Era digital memang tak terhindarkan sebagai sebuah disrupsi atau kondisi zaman yang terinterupsi dengan teknologi digital, yang terhubung dengan data raya di jagat virtual.
Sifatnya yang melimpah, mudah, dan murah sekaligus canggih membuka kesempatan sekaligus tantangan.
Orang-orang kreatif dalam wilayah kultural, seperti seniman, desainer atau arsitek merespon tantangan perubahan-perubahan cepat itu dengan sigap. Setiap mantra reaktualisasi dan revisi realitas pada era sebelumnya diaggap sebagai aksi oposisi yang dinamis.
Oposisi menjadi semacam kondisi berseberangan atas relasi di antara dua proposisi, yang berhubungan dengan subyek yang sama: teknologi digital abad 21.
Orang-orang inilah yang membedakan dalam kualitas dan cara penggunaan teknologi itu dengan masa lalu, khususnya di era abad ke-20.
Beberapa konsep yang dianggap visi baru dalam wilayah seni, desain dan arsitektural adalah
penggunaan media baru pencahayaan, imej yang bergerak (moving image) sampai bentuk-bentuk sinematik yang interaktif berskala gigantik.
Selain itu, munculnya manipulasi digital (imej dan suara lewat perangkat elektro-digital dan bahasa program komputer) yang dianggap progres terkini membentuk kesadaran anyar antara yang ilusif dan yang fisik dengan piranti VR (virtual reality) atau XR (cross reality).
Pada teknologi berbasis visual, sejarah seni rupa berhutang pada sekitar 1960-an di Amerika Serikat tatkala sinyal elektronik menarik perhatian publik sebagai instrumen dan transmisi visual dengan konten kritik pada kehidupan global, teknologi itu sendiri, sampai konsumerisme pun kapitalisme melalui perangkat TV.
Saat itu, kita mengenal karya instalasi Magnet TV (1965), dengan seniman Nam June Paik yang kemudian tenar dengan konsep Video Art dalam paradigma seni media baru.

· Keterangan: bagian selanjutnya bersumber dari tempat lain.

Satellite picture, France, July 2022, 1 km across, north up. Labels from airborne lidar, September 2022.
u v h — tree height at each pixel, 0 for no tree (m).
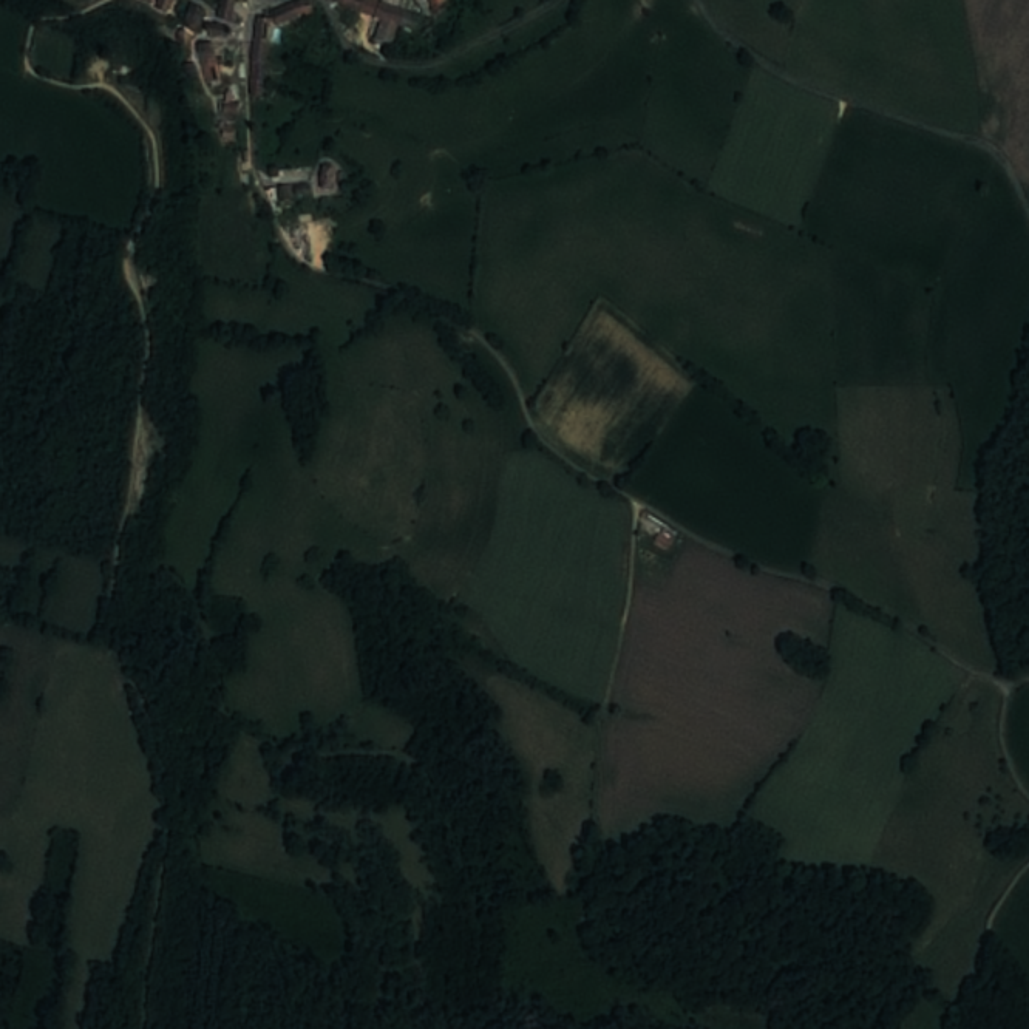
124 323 13
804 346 0
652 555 0
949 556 0
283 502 0
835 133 0
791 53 0
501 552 0
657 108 0
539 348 0
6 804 0
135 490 0
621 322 0
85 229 15
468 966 12
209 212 0
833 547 0
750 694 0
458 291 0
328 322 0
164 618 17
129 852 0
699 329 0
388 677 12
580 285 0
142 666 11
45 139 0
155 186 0
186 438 23
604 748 0
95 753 0
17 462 14
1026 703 0
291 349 10
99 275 10
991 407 0
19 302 20
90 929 0
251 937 29
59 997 23
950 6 0
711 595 0
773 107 0
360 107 0
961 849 0
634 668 0
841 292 0
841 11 0
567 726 0
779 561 0
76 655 0
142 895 6
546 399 0
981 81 0
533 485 0
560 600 0
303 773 26
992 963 23
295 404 20
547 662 0
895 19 0
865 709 0
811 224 0
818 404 0
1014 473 15
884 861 0
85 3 0
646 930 26
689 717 0
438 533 0
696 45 0
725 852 18
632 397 0
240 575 0
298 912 0
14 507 15
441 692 7
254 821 0
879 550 0
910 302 0
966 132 0
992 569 20
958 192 0
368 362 0
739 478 0
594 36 0
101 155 0
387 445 0
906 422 0
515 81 0
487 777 29
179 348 21
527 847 8
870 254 0
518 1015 30
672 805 0
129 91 0
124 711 0
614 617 0
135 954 14
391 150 0
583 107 0
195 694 19
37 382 9
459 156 0
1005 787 0
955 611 0
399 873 21
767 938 30
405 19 0
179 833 18
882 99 0
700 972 30
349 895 17
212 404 0
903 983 23
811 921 22
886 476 0
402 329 0
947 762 0
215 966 22
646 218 0
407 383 0
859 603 17
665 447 0
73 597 0
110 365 13
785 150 0
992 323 0
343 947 0
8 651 12
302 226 0
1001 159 0
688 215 0
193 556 0
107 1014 20
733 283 0
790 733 0
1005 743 0
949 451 0
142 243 13
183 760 18
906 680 0
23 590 16
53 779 0
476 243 7
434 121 0
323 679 0
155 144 0
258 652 0
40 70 11
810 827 0
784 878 16
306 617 0
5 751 0
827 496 0
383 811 15
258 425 0
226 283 15
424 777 16
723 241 0
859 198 0
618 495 10
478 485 0
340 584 15
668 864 26
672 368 0
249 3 0
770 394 0
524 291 0
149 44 7
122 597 19
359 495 0
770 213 0
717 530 0
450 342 24
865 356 0
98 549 10
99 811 0
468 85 12
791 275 0
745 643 0
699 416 0
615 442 0
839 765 0
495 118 0
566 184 0
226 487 0
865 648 0
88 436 7
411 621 19
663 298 0
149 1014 7
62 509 7
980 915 0
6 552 0
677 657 0
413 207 0
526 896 16

Bincang virtual Basri Menyapa kali ini, pada seri ke-5, Minggu Ke II Agustus 2020 menjadi menarik, bintang tamunya seorang desainer, Adi Panuntun.

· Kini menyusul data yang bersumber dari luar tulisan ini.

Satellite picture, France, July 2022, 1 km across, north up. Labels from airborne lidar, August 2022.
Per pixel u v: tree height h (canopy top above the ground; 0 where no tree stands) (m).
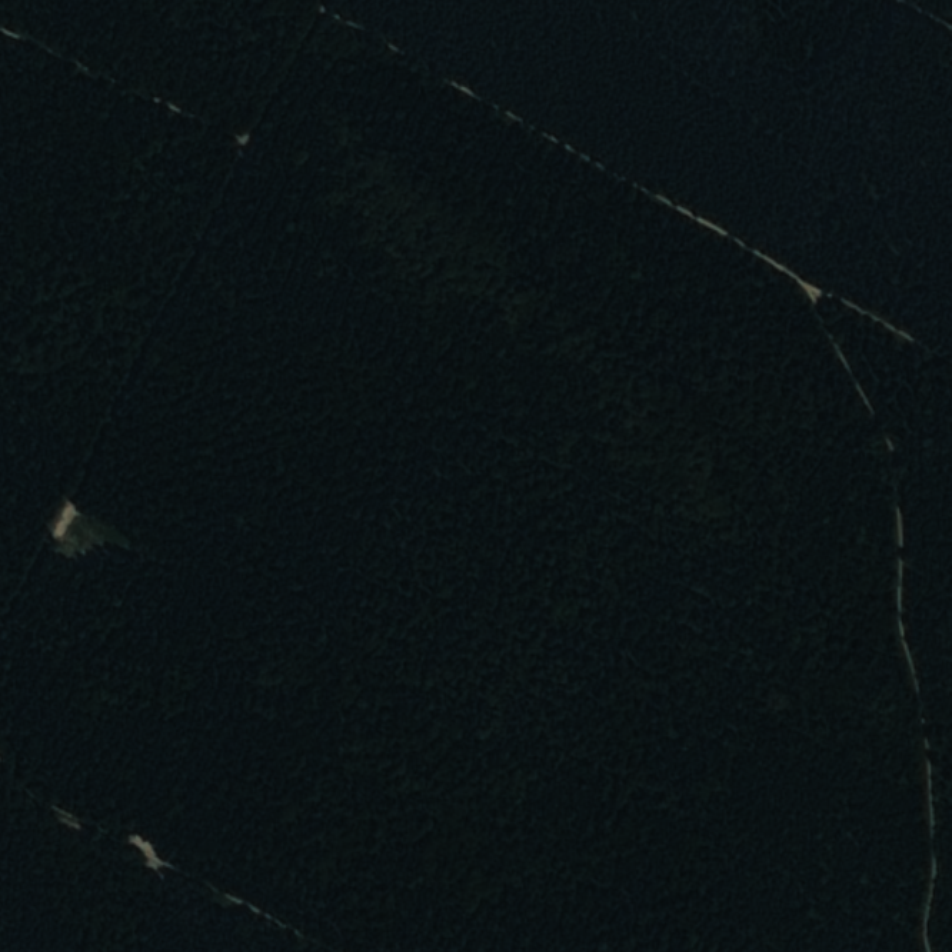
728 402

Ia hadir menggunakan pendekatan trans-disiplin seni, dalamkarya-karyanya dengan latar desain arsitektur dalam digital multi-media serta peran utama penggunaan elemen cahaya, bahasa program digital compu-graphic pun modelling serta konsep sinematik.

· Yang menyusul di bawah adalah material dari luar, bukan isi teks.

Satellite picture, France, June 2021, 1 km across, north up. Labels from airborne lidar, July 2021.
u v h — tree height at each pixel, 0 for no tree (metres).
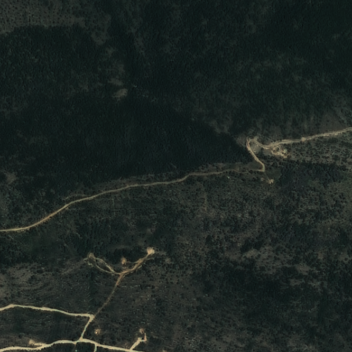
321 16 8
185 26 9
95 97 6
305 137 0
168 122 7
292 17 10
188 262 8
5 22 7
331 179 17
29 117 6
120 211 8
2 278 0
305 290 7
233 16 6
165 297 0
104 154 8
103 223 9
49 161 7
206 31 6
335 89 6
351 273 6
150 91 6
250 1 5
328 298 6
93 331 0
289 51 7
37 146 6
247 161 8
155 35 9
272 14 7
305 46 7
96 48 7
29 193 6
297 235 12
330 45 7
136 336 0
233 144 6
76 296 0
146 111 6
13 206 9
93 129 8
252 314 5
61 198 6
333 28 7
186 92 6
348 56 7
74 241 10
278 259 7
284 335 6
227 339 0
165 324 0
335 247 7
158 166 7
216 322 8
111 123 8
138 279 0
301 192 6
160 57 6
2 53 7
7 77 7
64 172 8
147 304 0
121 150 11
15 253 13
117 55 7
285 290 7
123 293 0
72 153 6
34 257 9
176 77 6
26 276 0
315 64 6
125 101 9
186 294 0
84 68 8
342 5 8
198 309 6
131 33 6
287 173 8
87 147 12
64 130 7
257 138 0
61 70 6
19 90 6
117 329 5
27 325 0
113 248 0
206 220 6
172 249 6
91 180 6
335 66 6
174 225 9
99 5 8
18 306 0
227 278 7
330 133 0
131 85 6
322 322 6
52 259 0
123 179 7
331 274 7
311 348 0
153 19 8
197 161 7
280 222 7
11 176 0
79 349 6
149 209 7
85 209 6
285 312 8
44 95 7
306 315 8
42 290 0
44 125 8
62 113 6
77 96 7
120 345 0
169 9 5
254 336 7
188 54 7
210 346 0
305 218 8
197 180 7
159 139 10
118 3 8
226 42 7
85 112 6
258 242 7
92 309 0
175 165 7
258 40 7
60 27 6
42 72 10
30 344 0
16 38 6
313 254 11
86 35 7
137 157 8
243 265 7
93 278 7
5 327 0
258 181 9
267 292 5
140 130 8
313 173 8
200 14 6
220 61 8
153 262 6
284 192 7
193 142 6
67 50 8
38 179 6
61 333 0
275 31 11
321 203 9
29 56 8
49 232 0
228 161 9
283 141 0
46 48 8
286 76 6
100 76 7

Adi Panuntun adalah desainer sekaligus co-founder serta CEO PT Sembilan Matahari. Ia juga sebagai Chairman BCCF (Bandung Creative City Forum) yang mengaku bahwa dirinya dan tim Sembilan Matahari menghasilkan film yang dirancang dengan pendekatan baru, yakni: mengintegrasikan seni dan teknologi melalui pengalaman yang emosional.
"Metode melihat dengan secara berbeda melalui film’ akan merangsang sensifitas kesadaran dan perubahan positif pada publik,” ujarnya dalam wawancara.
“Kita mencoba melalui pendekatan lintas disiplin dalam memproduksi film dipadu kemampuan membuat coding/pemrograman kreatif, yakni mencakup kreasi audiovisual dan multimedia yang impresif, interaktif, dan spektakuler,” imbuhnya.
Dan menurut Adi, dalam kerangka pandang desain, maka ia percaya bahwa sebenarnya mengubah cara berpikir melalui film akan memberi hasil desain yang paling inovatif.